EXERCISE DIRECTIONS: Each entry needs to appear again, retyped exactly as it is below.

- - - - - - -

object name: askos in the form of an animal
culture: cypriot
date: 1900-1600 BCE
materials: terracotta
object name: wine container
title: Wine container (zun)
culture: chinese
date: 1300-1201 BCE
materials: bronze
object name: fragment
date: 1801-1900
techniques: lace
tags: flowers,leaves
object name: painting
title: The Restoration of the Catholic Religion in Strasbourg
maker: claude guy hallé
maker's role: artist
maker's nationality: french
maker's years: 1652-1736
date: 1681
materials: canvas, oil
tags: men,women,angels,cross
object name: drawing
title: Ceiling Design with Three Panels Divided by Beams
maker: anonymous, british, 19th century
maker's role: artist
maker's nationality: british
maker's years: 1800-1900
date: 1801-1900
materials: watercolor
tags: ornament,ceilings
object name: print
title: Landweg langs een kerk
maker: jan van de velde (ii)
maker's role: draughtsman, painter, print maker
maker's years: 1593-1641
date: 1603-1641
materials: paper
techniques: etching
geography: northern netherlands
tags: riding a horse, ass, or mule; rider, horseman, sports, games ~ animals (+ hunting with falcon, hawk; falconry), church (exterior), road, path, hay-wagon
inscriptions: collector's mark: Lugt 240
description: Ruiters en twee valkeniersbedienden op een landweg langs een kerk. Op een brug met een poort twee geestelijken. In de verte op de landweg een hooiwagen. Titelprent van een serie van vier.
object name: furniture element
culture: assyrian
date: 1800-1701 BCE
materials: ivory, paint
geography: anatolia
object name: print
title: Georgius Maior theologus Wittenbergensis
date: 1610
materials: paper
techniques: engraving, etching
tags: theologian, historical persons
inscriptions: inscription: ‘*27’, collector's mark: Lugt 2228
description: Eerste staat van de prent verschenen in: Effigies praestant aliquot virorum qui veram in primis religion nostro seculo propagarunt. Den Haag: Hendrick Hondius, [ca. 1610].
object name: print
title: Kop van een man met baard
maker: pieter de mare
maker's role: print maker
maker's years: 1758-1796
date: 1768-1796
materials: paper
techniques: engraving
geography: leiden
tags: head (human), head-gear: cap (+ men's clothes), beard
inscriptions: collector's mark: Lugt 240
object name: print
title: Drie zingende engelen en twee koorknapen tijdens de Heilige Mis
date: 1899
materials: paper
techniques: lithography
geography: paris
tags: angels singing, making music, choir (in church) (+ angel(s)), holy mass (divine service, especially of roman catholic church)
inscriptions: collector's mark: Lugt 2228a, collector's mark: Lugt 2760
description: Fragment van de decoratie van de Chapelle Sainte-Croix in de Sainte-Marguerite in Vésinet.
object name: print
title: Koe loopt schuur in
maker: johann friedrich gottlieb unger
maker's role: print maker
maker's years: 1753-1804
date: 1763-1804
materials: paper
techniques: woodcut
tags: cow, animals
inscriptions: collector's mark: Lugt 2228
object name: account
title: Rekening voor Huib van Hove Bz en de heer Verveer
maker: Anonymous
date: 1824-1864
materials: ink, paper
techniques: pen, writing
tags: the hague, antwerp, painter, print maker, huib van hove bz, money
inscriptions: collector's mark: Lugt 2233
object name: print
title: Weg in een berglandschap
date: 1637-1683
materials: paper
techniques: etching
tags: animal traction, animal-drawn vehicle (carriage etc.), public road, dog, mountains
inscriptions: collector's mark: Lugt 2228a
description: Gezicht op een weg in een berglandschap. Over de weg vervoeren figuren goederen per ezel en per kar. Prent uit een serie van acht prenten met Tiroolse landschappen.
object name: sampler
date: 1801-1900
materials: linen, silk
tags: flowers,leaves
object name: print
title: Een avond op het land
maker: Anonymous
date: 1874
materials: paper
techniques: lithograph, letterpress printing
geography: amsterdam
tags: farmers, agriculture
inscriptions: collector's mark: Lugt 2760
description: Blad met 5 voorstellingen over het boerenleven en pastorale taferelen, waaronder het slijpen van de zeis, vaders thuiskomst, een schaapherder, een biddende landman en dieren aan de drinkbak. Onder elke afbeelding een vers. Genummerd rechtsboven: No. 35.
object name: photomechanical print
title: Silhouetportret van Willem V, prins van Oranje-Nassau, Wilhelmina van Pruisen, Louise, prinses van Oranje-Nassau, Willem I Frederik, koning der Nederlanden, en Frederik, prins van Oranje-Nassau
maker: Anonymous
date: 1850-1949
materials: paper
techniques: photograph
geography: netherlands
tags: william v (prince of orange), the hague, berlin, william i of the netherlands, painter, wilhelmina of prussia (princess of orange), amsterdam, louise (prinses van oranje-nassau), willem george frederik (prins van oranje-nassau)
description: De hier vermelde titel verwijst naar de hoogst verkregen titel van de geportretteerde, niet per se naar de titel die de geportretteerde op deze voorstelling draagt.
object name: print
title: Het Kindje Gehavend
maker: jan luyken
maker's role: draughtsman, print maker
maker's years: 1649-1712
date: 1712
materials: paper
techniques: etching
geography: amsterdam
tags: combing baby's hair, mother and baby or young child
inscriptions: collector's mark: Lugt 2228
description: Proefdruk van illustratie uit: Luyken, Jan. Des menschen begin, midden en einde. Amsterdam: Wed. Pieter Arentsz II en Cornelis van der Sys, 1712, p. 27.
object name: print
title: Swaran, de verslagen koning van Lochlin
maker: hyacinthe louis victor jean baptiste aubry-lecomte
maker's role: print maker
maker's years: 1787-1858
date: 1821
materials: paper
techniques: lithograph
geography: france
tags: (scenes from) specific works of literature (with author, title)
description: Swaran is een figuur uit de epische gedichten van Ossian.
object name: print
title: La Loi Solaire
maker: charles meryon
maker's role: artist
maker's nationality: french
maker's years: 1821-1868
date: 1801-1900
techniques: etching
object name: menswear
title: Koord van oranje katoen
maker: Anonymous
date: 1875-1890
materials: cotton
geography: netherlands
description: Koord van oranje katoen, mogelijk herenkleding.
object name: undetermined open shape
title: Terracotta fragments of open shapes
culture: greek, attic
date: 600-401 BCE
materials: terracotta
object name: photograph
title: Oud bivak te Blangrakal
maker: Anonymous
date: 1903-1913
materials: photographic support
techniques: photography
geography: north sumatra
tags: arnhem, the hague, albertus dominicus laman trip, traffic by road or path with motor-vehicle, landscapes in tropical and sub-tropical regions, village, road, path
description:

- - - - - - -

WRITTEN SOLUTION:
object name: askos in the form of an animal
culture: cypriot
date: 1900-1600 BCE
materials: terracotta
object name: wine container
title: Wine container (zun)
culture: chinese
date: 1300-1201 BCE
materials: bronze
object name: fragment
date: 1801-1900
techniques: lace
tags: flowers,leaves
object name: painting
title: The Restoration of the Catholic Religion in Strasbourg
maker: claude guy hallé
maker's role: artist
maker's nationality: french
maker's years: 1652-1736
date: 1681
materials: canvas, oil
tags: men,women,angels,cross
object name: drawing
title: Ceiling Design with Three Panels Divided by Beams
maker: anonymous, british, 19th century
maker's role: artist
maker's nationality: british
maker's years: 1800-1900
date: 1801-1900
materials: watercolor
tags: ornament,ceilings
object name: print
title: Landweg langs een kerk
maker: jan van de velde (ii)
maker's role: draughtsman, painter, print maker
maker's years: 1593-1641
date: 1603-1641
materials: paper
techniques: etching
geography: northern netherlands
tags: riding a horse, ass, or mule; rider, horseman, sports, games ~ animals (+ hunting with falcon, hawk; falconry), church (exterior), road, path, hay-wagon
inscriptions: collector's mark: Lugt 240
description: Ruiters en twee valkeniersbedienden op een landweg langs een kerk. Op een brug met een poort twee geestelijken. In de verte op de landweg een hooiwagen. Titelprent van een serie van vier.
object name: furniture element
culture: assyrian
date: 1800-1701 BCE
materials: ivory, paint
geography: anatolia
object name: print
title: Georgius Maior theologus Wittenbergensis
date: 1610
materials: paper
techniques: engraving, etching
tags: theologian, historical persons
inscriptions: inscription: ‘*27’, collector's mark: Lugt 2228
description: Eerste staat van de prent verschenen in: Effigies praestant aliquot virorum qui veram in primis religion nostro seculo propagarunt. Den Haag: Hendrick Hondius, [ca. 1610].
object name: print
title: Kop van een man met baard
maker: pieter de mare
maker's role: print maker
maker's years: 1758-1796
date: 1768-1796
materials: paper
techniques: engraving
geography: leiden
tags: head (human), head-gear: cap (+ men's clothes), beard
inscriptions: collector's mark: Lugt 240
object name: print
title: Drie zingende engelen en twee koorknapen tijdens de Heilige Mis
date: 1899
materials: paper
techniques: lithography
geography: paris
tags: angels singing, making music, choir (in church) (+ angel(s)), holy mass (divine service, especially of roman catholic church)
inscriptions: collector's mark: Lugt 2228a, collector's mark: Lugt 2760
description: Fragment van de decoratie van de Chapelle Sainte-Croix in de Sainte-Marguerite in Vésinet.
object name: print
title: Koe loopt schuur in
maker: johann friedrich gottlieb unger
maker's role: print maker
maker's years: 1753-1804
date: 1763-1804
materials: paper
techniques: woodcut
tags: cow, animals
inscriptions: collector's mark: Lugt 2228
object name: account
title: Rekening voor Huib van Hove Bz en de heer Verveer
maker: Anonymous
date: 1824-1864
materials: ink, paper
techniques: pen, writing
tags: the hague, antwerp, painter, print maker, huib van hove bz, money
inscriptions: collector's mark: Lugt 2233
object name: print
title: Weg in een berglandschap
date: 1637-1683
materials: paper
techniques: etching
tags: animal traction, animal-drawn vehicle (carriage etc.), public road, dog, mountains
inscriptions: collector's mark: Lugt 2228a
description: Gezicht op een weg in een berglandschap. Over de weg vervoeren figuren goederen per ezel en per kar. Prent uit een serie van acht prenten met Tiroolse landschappen.
object name: sampler
date: 1801-1900
materials: linen, silk
tags: flowers,leaves
object name: print
title: Een avond op het land
maker: Anonymous
date: 1874
materials: paper
techniques: lithograph, letterpress printing
geography: amsterdam
tags: farmers, agriculture
inscriptions: collector's mark: Lugt 2760
description: Blad met 5 voorstellingen over het boerenleven en pastorale taferelen, waaronder het slijpen van de zeis, vaders thuiskomst, een schaapherder, een biddende landman en dieren aan de drinkbak. Onder elke afbeelding een vers. Genummerd rechtsboven: No. 35.
object name: photomechanical print
title: Silhouetportret van Willem V, prins van Oranje-Nassau, Wilhelmina van Pruisen, Louise, prinses van Oranje-Nassau, Willem I Frederik, koning der Nederlanden, en Frederik, prins van Oranje-Nassau
maker: Anonymous
date: 1850-1949
materials: paper
techniques: photograph
geography: netherlands
tags: william v (prince of orange), the hague, berlin, william i of the netherlands, painter, wilhelmina of prussia (princess of orange), amsterdam, louise (prinses van oranje-nassau), willem george frederik (prins van oranje-nassau)
description: De hier vermelde titel verwijst naar de hoogst verkregen titel van de geportretteerde, niet per se naar de titel die de geportretteerde op deze voorstelling draagt.
object name: print
title: Het Kindje Gehavend
maker: jan luyken
maker's role: draughtsman, print maker
maker's years: 1649-1712
date: 1712
materials: paper
techniques: etching
geography: amsterdam
tags: combing baby's hair, mother and baby or young child
inscriptions: collector's mark: Lugt 2228
description: Proefdruk van illustratie uit: Luyken, Jan. Des menschen begin, midden en einde. Amsterdam: Wed. Pieter Arentsz II en Cornelis van der Sys, 1712, p. 27.
object name: print
title: Swaran, de verslagen koning van Lochlin
maker: hyacinthe louis victor jean baptiste aubry-lecomte
maker's role: print maker
maker's years: 1787-1858
date: 1821
materials: paper
techniques: lithograph
geography: france
tags: (scenes from) specific works of literature (with author, title)
description: Swaran is een figuur uit de epische gedichten van Ossian.
object name: print
title: La Loi Solaire
maker: charles meryon
maker's role: artist
maker's nationality: french
maker's years: 1821-1868
date: 1801-1900
techniques: etching
object name: menswear
title: Koord van oranje katoen
maker: Anonymous
date: 1875-1890
materials: cotton
geography: netherlands
description: Koord van oranje katoen, mogelijk herenkleding.
object name: undetermined open shape
title: Terracotta fragments of open shapes
culture: greek, attic
date: 600-401 BCE
materials: terracotta
object name: photograph
title: Oud bivak te Blangrakal
maker: Anonymous
date: 1903-1913
materials: photographic support
techniques: photography
geography: north sumatra
tags: arnhem, the hague, albertus dominicus laman trip, traffic by road or path with motor-vehicle, landscapes in tropical and sub-tropical regions, village, road, path
description:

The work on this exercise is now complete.